Material for this exercise below:
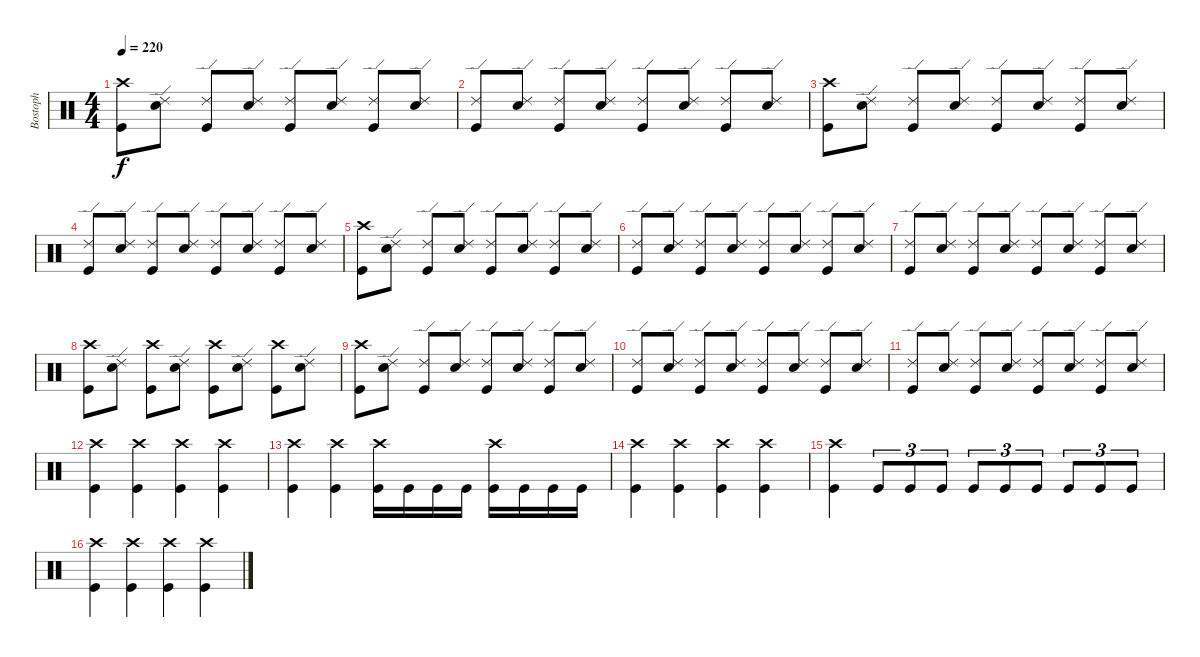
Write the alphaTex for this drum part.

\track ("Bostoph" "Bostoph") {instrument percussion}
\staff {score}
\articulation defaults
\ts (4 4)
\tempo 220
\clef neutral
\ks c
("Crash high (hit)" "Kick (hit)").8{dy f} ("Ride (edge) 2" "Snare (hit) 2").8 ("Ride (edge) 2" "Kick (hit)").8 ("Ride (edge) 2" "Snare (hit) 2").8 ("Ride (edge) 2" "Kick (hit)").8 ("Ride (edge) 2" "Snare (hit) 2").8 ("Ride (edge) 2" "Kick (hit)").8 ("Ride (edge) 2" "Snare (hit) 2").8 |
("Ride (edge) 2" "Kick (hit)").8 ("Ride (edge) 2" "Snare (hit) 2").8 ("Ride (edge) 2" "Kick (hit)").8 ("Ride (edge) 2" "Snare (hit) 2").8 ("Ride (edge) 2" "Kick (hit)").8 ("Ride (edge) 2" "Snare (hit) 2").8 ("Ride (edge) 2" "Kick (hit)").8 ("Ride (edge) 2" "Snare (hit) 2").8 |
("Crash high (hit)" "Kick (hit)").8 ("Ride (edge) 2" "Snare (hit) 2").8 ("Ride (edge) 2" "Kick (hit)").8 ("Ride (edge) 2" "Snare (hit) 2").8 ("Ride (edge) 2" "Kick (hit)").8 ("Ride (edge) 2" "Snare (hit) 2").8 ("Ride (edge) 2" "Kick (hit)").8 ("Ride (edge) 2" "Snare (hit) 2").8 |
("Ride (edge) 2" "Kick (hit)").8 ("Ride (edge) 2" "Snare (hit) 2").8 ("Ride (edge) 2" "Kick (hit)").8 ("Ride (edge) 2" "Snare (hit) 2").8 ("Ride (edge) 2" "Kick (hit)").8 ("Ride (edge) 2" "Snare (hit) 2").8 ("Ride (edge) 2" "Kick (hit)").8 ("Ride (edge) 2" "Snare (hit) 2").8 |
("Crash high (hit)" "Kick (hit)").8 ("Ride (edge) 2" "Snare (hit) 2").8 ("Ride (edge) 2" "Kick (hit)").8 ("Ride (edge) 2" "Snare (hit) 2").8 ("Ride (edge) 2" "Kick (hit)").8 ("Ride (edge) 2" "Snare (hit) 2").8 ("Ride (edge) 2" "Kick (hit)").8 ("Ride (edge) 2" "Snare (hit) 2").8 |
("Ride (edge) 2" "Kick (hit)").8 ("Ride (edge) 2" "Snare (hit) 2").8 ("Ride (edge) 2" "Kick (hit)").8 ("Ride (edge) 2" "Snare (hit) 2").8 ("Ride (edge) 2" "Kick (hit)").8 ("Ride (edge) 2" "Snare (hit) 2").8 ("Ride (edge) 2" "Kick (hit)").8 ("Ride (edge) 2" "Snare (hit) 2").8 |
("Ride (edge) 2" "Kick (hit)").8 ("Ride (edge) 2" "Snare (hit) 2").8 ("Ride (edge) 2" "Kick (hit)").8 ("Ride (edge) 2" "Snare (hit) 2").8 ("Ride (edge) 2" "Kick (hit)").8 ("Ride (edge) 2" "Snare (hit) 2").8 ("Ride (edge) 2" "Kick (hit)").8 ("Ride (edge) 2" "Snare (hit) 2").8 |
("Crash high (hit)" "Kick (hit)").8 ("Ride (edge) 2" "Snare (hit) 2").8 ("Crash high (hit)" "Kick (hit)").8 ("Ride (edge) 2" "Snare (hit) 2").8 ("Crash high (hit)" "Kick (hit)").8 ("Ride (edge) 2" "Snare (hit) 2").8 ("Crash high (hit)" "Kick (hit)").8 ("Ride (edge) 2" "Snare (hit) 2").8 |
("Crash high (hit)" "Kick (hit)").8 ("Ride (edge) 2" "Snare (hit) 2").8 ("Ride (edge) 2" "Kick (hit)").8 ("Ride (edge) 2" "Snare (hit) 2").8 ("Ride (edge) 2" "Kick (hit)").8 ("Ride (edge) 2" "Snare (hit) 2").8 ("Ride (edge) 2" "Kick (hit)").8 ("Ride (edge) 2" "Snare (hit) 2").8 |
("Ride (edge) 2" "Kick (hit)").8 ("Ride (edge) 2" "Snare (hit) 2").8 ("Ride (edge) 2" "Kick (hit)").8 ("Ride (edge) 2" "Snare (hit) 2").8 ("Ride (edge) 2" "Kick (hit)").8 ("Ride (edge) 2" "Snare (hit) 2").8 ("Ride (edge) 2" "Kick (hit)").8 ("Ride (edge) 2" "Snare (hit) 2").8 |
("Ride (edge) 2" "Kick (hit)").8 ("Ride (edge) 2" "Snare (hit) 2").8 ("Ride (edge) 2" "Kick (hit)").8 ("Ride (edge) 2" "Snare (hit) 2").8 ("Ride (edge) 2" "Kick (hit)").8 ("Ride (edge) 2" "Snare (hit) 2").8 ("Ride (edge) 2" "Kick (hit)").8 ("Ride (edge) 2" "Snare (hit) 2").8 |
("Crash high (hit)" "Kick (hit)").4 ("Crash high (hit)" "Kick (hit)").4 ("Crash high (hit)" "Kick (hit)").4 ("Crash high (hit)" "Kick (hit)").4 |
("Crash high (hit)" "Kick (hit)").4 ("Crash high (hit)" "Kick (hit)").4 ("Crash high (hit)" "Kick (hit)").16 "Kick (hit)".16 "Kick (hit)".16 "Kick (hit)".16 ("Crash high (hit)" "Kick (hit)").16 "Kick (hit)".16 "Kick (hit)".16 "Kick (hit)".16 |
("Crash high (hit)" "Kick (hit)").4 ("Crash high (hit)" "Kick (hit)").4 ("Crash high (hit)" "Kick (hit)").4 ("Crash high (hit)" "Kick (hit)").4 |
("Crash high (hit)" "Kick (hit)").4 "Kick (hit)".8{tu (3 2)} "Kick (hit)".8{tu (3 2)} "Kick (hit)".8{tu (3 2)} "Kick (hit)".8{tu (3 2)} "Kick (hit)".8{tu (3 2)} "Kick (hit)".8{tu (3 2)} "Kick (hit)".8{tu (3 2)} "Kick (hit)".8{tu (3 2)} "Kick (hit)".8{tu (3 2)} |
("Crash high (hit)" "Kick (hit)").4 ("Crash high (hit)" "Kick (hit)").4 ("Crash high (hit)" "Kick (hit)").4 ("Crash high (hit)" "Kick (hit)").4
End of Material for this exercise.
Material for this exercise below:
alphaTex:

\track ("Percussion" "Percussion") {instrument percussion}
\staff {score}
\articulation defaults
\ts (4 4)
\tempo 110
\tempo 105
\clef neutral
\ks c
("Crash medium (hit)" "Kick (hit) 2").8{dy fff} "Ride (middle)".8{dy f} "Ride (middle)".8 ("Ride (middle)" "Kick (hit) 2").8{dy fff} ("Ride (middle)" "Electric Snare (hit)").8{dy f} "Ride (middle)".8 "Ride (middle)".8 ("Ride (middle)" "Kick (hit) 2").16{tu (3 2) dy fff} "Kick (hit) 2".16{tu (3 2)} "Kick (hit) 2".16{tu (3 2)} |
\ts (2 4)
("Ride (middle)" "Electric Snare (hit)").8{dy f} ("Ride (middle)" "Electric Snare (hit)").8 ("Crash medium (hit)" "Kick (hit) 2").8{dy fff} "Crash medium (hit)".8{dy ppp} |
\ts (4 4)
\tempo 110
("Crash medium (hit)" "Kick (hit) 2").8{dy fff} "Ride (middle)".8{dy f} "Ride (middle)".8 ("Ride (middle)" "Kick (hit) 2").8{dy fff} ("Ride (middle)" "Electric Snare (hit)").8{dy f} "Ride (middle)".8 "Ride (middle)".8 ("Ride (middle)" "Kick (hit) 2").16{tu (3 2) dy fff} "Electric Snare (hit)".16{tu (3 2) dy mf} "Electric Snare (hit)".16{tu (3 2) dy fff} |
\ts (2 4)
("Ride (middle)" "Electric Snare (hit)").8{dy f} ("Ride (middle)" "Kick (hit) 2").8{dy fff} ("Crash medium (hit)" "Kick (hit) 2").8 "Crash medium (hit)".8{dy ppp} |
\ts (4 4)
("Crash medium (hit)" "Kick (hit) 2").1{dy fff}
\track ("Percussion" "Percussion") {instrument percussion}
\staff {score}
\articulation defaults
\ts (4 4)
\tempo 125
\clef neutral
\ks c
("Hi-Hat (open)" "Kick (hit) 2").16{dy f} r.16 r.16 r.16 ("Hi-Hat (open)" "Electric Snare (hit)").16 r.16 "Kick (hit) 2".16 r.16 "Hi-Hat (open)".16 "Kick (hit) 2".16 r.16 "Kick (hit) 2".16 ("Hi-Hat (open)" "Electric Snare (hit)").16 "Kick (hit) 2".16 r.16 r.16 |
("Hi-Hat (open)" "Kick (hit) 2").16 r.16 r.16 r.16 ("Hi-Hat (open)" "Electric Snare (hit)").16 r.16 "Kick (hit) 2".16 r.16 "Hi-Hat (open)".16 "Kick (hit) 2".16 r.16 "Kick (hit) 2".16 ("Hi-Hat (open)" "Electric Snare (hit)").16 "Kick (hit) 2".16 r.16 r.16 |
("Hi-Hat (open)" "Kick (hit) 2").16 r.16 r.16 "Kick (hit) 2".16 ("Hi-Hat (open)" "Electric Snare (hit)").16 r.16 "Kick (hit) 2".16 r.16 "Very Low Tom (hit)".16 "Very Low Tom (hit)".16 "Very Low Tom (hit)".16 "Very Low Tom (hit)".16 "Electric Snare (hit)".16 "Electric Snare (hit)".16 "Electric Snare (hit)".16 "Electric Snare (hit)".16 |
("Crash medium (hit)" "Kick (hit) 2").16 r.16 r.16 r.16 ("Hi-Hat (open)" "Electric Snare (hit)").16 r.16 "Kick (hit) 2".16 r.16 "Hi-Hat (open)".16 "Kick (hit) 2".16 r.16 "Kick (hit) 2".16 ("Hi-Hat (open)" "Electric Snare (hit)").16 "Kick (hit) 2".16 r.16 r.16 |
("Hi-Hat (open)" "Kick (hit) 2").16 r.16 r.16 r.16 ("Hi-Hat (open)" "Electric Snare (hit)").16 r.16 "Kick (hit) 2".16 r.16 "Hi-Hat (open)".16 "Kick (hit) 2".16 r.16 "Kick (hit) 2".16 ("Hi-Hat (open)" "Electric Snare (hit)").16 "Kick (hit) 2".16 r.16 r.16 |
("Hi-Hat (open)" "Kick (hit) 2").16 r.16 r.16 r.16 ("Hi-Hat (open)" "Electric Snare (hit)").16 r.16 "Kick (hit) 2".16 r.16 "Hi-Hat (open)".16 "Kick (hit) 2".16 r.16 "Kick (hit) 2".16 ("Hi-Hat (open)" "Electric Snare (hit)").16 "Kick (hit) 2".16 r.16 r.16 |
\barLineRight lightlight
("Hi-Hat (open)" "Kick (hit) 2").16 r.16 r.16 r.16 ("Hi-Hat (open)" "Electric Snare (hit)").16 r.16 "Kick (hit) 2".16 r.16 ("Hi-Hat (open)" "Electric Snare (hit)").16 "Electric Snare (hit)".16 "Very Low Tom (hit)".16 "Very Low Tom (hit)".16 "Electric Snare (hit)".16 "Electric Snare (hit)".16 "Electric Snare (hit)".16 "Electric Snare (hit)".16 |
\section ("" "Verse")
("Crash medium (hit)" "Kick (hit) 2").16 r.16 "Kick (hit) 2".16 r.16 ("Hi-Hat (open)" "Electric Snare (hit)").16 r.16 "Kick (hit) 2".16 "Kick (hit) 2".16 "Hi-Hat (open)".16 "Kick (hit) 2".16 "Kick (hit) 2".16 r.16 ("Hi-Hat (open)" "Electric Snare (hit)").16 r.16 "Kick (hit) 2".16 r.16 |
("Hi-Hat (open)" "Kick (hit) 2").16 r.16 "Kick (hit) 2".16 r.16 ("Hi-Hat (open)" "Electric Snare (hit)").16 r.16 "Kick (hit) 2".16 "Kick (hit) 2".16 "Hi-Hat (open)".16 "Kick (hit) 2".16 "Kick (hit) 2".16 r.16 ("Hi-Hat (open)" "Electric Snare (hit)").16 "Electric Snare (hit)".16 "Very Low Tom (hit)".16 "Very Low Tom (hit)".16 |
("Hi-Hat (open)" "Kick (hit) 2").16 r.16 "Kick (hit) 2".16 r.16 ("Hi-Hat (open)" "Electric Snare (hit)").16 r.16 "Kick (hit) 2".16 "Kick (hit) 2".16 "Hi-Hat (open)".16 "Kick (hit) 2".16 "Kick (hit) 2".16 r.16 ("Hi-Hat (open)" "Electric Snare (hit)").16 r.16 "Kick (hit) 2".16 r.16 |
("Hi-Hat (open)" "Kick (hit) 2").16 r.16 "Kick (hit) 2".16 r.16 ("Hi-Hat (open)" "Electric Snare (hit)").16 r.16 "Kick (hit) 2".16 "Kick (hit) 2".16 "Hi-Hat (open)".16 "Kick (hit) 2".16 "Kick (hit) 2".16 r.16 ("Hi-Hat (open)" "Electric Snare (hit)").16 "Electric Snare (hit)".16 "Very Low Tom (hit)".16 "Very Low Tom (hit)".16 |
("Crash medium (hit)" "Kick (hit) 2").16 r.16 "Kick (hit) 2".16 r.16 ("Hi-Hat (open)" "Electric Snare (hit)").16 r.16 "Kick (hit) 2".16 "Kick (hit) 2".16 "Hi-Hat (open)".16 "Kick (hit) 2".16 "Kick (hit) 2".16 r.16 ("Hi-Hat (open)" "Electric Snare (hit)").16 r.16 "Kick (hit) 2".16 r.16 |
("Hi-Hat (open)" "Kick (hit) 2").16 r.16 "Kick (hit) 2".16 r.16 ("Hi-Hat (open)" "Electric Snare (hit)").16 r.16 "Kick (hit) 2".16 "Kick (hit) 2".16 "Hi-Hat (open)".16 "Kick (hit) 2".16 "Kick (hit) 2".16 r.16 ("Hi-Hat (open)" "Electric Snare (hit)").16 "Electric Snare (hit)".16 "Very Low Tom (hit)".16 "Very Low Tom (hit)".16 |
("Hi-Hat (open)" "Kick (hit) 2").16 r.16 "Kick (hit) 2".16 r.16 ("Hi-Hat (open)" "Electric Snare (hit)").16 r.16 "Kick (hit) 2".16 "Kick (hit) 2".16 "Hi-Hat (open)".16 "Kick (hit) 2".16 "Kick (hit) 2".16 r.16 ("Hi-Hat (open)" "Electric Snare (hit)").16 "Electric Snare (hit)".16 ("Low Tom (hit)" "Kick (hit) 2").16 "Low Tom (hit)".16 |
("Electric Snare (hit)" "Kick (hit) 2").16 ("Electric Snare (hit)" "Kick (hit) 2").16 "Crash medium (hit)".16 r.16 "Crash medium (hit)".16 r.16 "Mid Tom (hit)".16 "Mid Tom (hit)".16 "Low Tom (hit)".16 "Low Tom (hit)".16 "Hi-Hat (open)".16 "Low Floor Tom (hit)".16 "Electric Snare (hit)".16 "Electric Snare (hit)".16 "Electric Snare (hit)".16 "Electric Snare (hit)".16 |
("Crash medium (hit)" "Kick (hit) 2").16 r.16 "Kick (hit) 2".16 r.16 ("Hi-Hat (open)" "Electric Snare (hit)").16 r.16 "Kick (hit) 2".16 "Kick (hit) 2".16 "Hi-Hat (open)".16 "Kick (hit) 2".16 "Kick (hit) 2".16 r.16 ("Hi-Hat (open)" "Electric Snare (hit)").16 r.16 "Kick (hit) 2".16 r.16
End of Material for this exercise.
Material for this exercise below:
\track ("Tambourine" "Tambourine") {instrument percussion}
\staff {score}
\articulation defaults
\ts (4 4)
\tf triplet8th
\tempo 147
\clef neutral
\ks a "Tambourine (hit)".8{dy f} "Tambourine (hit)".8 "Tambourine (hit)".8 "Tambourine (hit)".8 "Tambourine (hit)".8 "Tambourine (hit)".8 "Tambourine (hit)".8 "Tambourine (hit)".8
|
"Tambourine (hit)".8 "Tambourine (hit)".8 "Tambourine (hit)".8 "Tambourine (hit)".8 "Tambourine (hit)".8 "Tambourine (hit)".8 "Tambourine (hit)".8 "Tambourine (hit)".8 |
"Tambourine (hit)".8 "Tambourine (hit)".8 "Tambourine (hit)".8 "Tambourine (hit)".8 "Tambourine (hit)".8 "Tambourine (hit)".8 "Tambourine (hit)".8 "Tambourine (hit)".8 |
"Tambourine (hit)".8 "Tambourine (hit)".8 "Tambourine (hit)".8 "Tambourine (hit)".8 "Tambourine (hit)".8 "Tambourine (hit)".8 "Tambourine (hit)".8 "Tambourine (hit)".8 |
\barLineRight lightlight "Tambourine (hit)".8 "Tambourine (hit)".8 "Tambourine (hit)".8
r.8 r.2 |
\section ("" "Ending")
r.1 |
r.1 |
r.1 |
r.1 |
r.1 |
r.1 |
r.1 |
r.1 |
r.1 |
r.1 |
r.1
End of Material for this exercise.
What you should do –
Could you return all lines from the records that include the word "alphaTex"?

Response box –
Write the alphaTex for this drum part.
alphaTex:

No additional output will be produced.